Bobby Fiddaman has written an interesting and well written book about his personal experiences taking the antidepressant Seroxat (Paxil, or paroxetine in the US), his struggles with withdrawal, and his work as an advocate raising attention related to the potential side effects of this drug. Fiddaman has a popular blog (Seroxat Sufferers: Stand Up and Be Counted) where he has worked tirelessley to get members of the Medicines and Healthcare Regulatory Agency (MHRA, the equivalent of the FDA in the US) to highlight potential side effects of the drug, most notably the range of cognitive and neurological and psychiatric problems that some people experience coming off the drug, such as himself. Fiddaman highlights the marketing campaign by the maker of Seroxat, GSK and others, to “sell” depression as deficiency of the neurotransmitter serotonin in the brain (it’s not) and their drug as the cure that will boost serotonin and cure depression (researchers have known for years that this explanation was bogus, but were too cowed by the drug companies to pipe up about it, I guess). He also highlights the revolving door where doctors go from high positions in drug companies, to drug regulatory agencies, and sometimes to academic jobs and then back through the wheel again. Fiddaman’s story is a testament to what health care consumers can achieve when they take charge of their treatments instead of passively following doctors advice without informing themselves about their own healthcare.

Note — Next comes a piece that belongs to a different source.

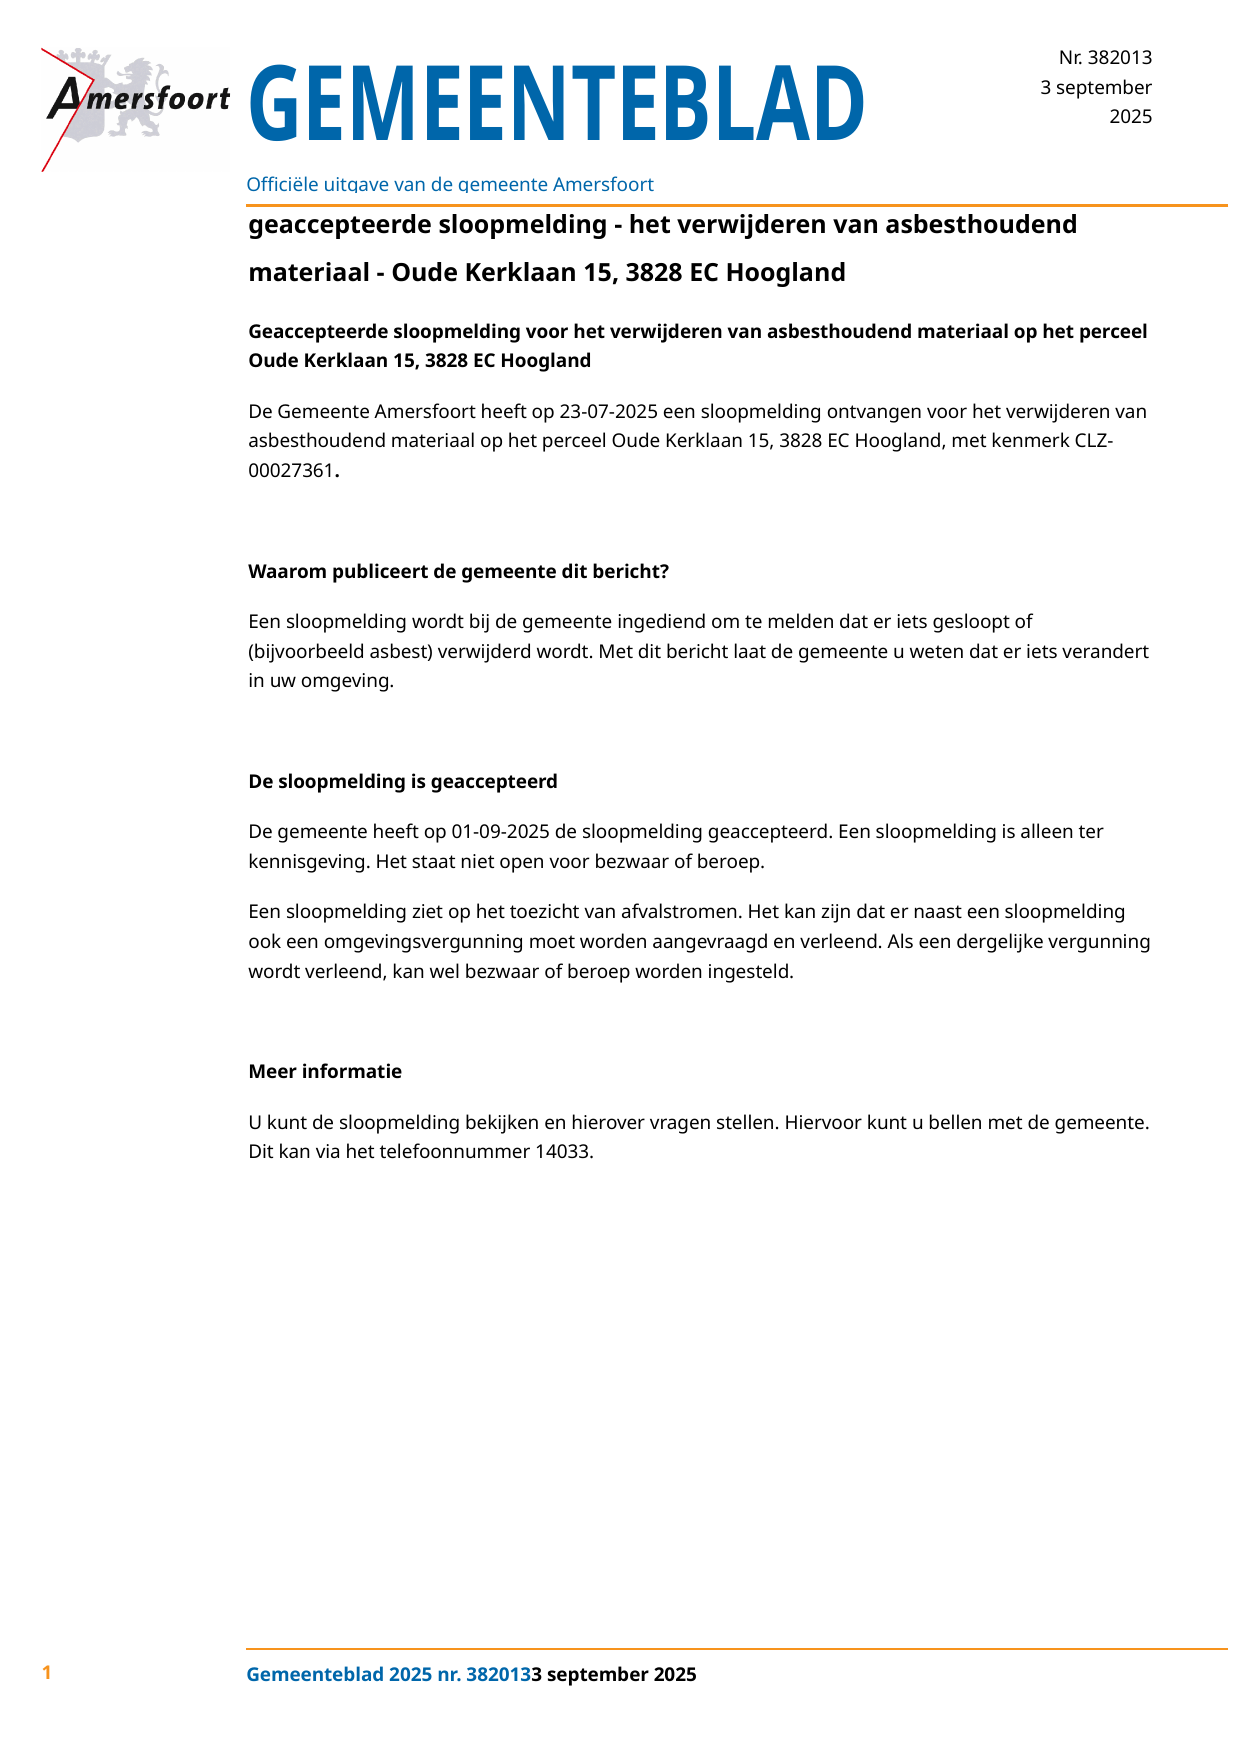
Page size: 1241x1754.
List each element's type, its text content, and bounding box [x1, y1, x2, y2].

He highlights the fact that pharmaceutical companies do not always have your best interests at heart (they are there to profit from their medications, after all) and you have to watch out.
By way of disclosure the author has told me on twitter (@dougbremner) that he is reading my latest book The Goose That Laid the Golden Egg in which I describe my experiences as a doctor giving paid speeches for GSK about Paxil as well as working as an expert on drug safety related issues in the courts. He also wrote a blog about the Goose book last year.
I recommend this book for anyone who has personal experiences with antidepressants or depression for themselves or family members, or for more insight into drug regulation and consumer advocacy. The writing is excellent and refreshingly honest.